Don’t Make Service Members Wait another 60 Years to Vote!
By Captain Samuel F. Wright, JAGC, USN (Ret.)
7.0—Military Voting Rights
Sixty years ago, in June and July of 1952, the Subcommittee on Elections of the House Administration Committee, United States House of Representatives, conducted hearings on voting in the armed forces. The Honorable C.G. Hall, Secretary of State of Arkansas and President of the National Association of Secretaries of State, testified that most military personnel fighting the Korean War would likely be disenfranchised in the 1952 presidential election. Because of late primaries, ballot access lawsuits, and other problems, local election officials (LEOs) would not have ballots printed and ready to mail until a few days before Election Day, in many cases. There simply would not be enough time for the absentee ballot to go from the LEO to the voter in Korea, and back, by Election Day.
The 1952 congressional report includes a copy of a letter to Congress, from President Harry S. Truman, dated March 28, 1952. In his letter, President Truman called upon the states to fix this problem, and he called upon Congress to enact temporary federal legislation for the 1952 presidential election. He wrote, “Any such legislation by Congress should be temporary, since it should be possible to make all the necessary changes in State laws before the congressional elections of 1954.”

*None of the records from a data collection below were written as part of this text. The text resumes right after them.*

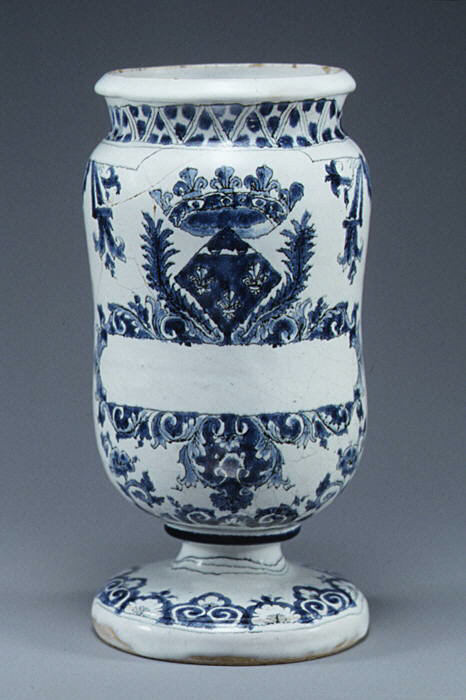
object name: pharmacy jar
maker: dubois manufactory
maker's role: maker
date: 1722
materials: faience
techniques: glazing
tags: coat of arms,crowns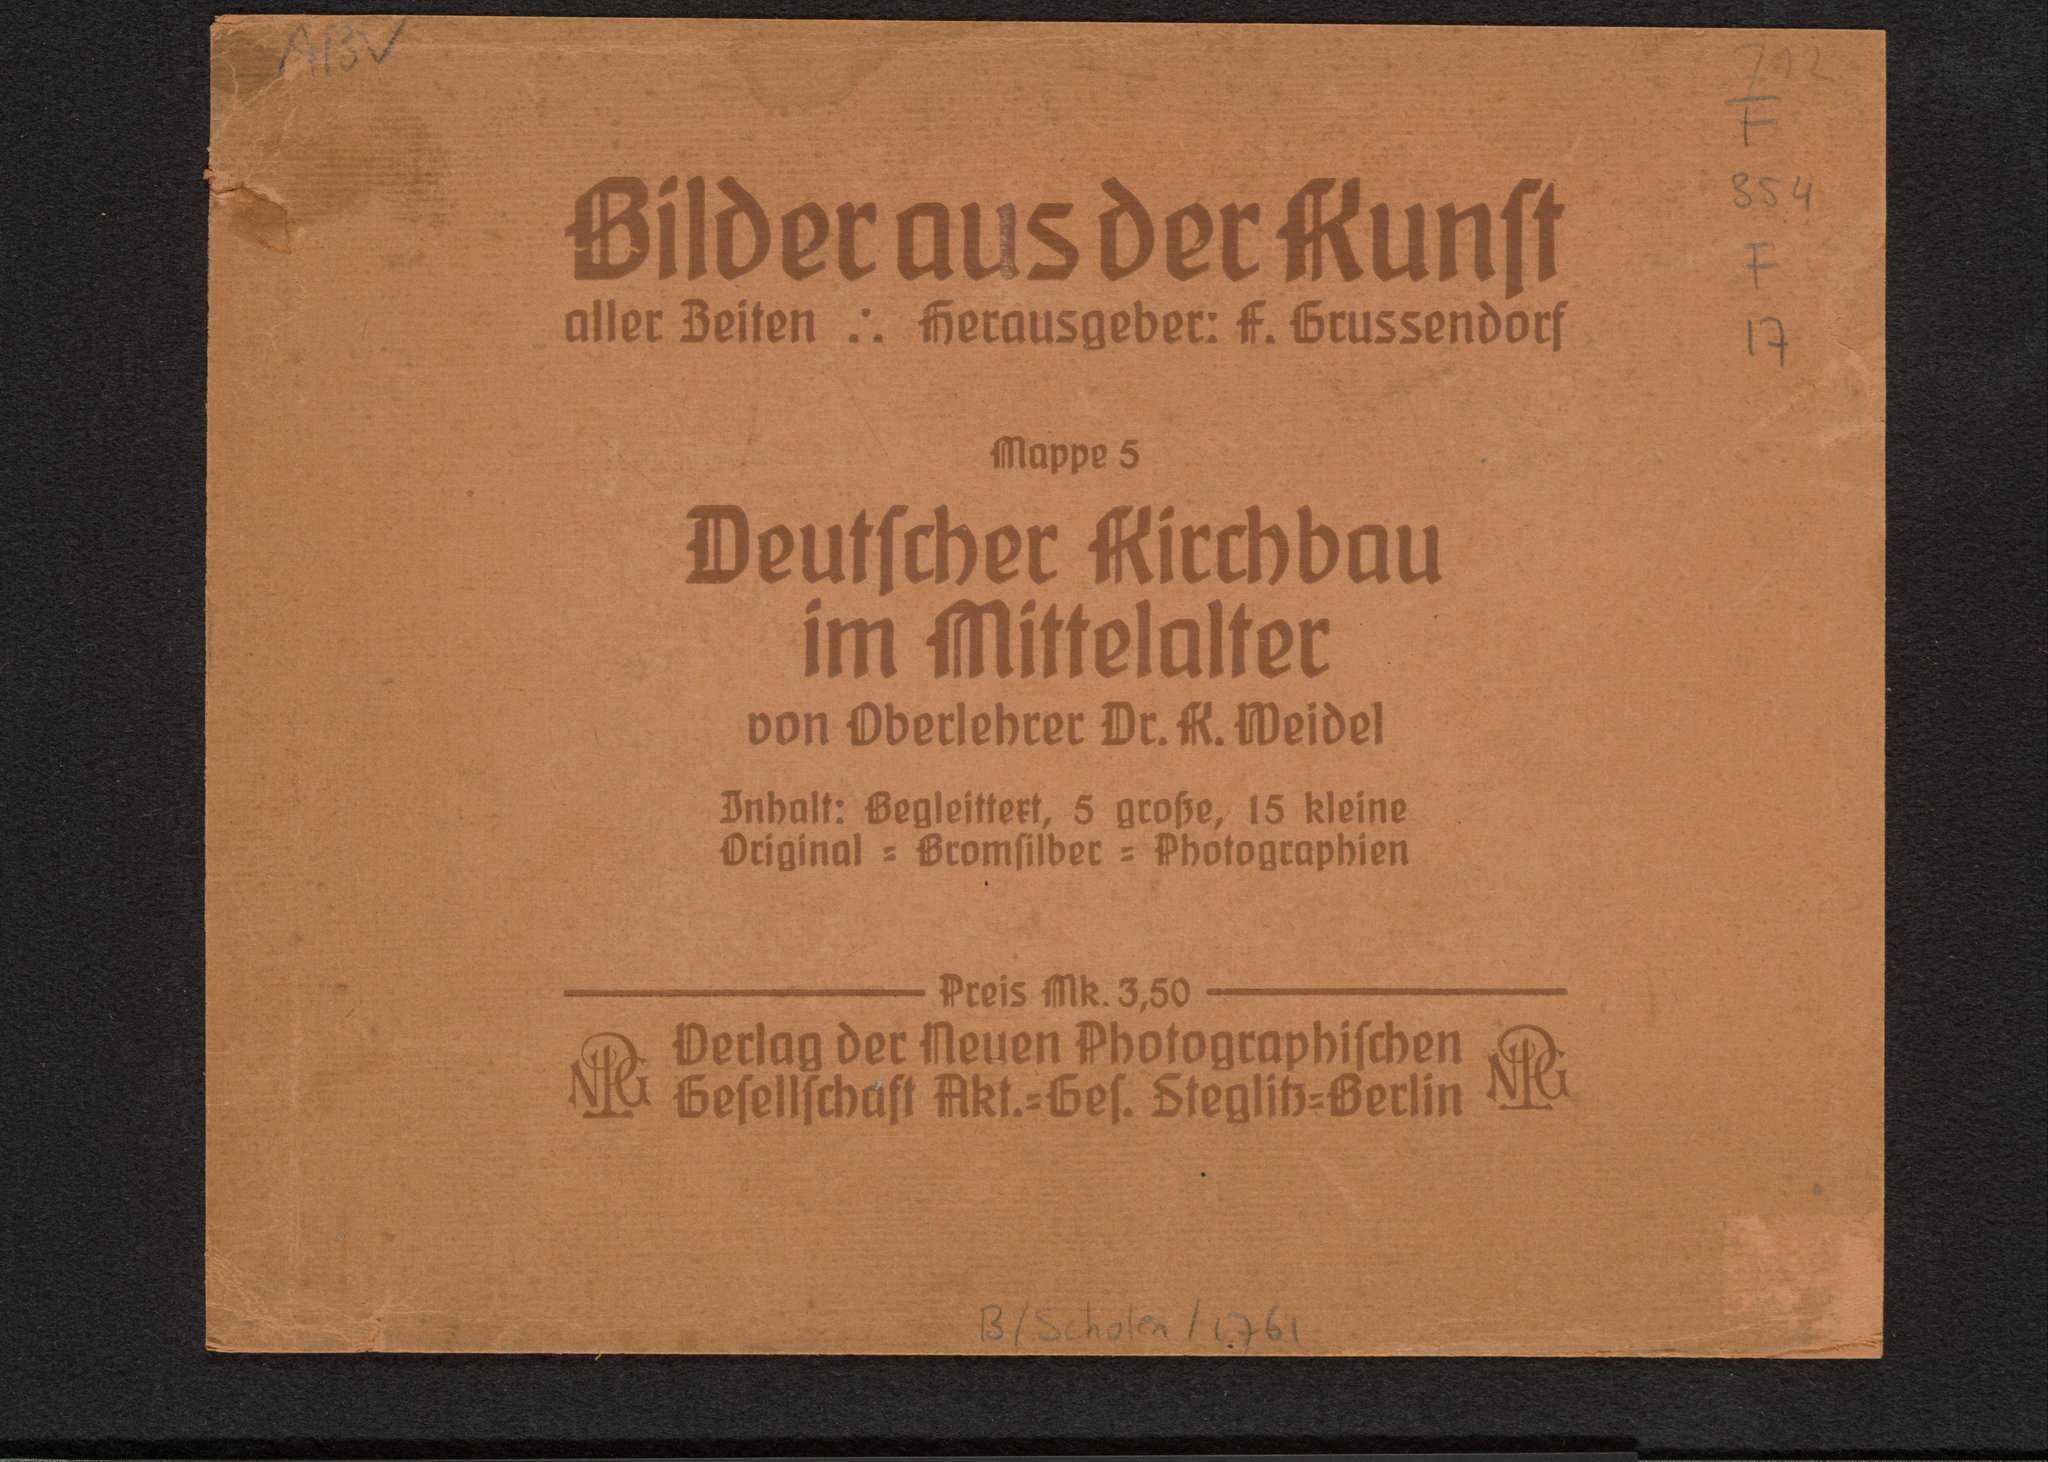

Well, it did not work out that way. President Truman left office in January 1953 and the Korean War ground to an inconclusive halt in July 1953. The military voting issue fell off our national radar screen until November 2000, when late-arriving military absentee ballots played a crucial role in determining the outcome of the Florida nail-biter. Please see Law Review 23 (March 2001) for a detailed description of this Florida 2000 issue.
I invite the reader’s attention to www.roa.org. Click on “Service Members Law Center.” You will find a “Law Review Library” with almost 800 articles about military voting rights, reemployment rights, and other military-legal topics, along with a detailed Subject Index and a search function, to facilitate finding articles about very specific topics. I initiated this column in 1997, and we add new articles each week.
There have been enormous improvements in communications technology in the last six decades, but absentee voting is still being conducted essentially as it was in 1952, by shipping pieces of paper across oceans and continents by snail mail. As you can imagine, there are three time-consuming steps in absentee voting. First, the absentee ballot request must travel from the voter to the LEO. Second, the unmarked ballot must travel from the LEO to the voter. Finally, the marked ballot must travel from the voter to the LEO, perhaps thousands of miles away. Each of these steps can take weeks if snail mail must be used, but only second if secure electronic means have been authorized.
In 1952, President Truman promised that the states would have this problem solved by 1954. Finally, in 2009, Congress got tired of waiting on the states. Congress enacted the Military and Overseas Voter Empowerment Act (MOVE Act), amending the Uniformed and Overseas Citizens Absentee Voting Act (UOCAVA). As amended, UOCAVA now requires every state to mail out ballots to UOCAVA voters by the 45th day preceding the primary or general election. Title 42, United States Code, section 1973ff-1(a)(8)(A) [42 U.S.C. 1973ff-1(a)(8)(A)].
This year’s presidential election will be conducted on November 6. Please remind your LEO that he or she is required to have absentee ballots printed and ready to mail and to mail them out on or before Saturday, September 22, to UOCAVA voters (military and civilian) who have their applications in by that deadline. Tell the LEO that you will be back on Monday, September 24, to determine if the ballots have gone out on time. If you find that your LEO expects to miss or has missed this deadline, for whatever reason, please let me know as soon as possible. My e-mail is SWright@roa.org. You can reach me toll-free at 800-809-9448, extension 730.
There are more than 7,500 LEOs that administer absentee voting for federal elections. In most states, officials at the county level (or the parish level in Louisiana) administer absentee voting. In the New England states, Michigan, and Wisconsin, officials at the city, town, or township level administer absentee voting. State officials administer absentee voting centrally in Alaska, Maine, and the District of Columbia.
I invite the reader’s attention to the most eloquent opening paragraph of President Truman’s 1952 letter to Congress:
About 2,500,000 men and women in the Armed Forces are of voting age at the present time. Many of those in uniform are serving overseas, or in parts of the country distant from their homes. They are unable to return to their States either to register or to vote. Yet these men and women, who are serving their country and in many cases risking their lives, deserve above all others to exercise the right to vote in this election year. At a time when these young people are defending our country and its free institutions, the least we at home can do is to make sure that they are able to enjoy the rights they are being asked to fight to preserve.
I respectfully submit that President Truman’s words about the brave young men and women fighting the Korean War in 1952 apply equally to their grandsons and granddaughters, and great-grandsons and great-granddaughters, fighting the Global War on Terrorism today. Please bring these eloquent words to the attention of your LEO.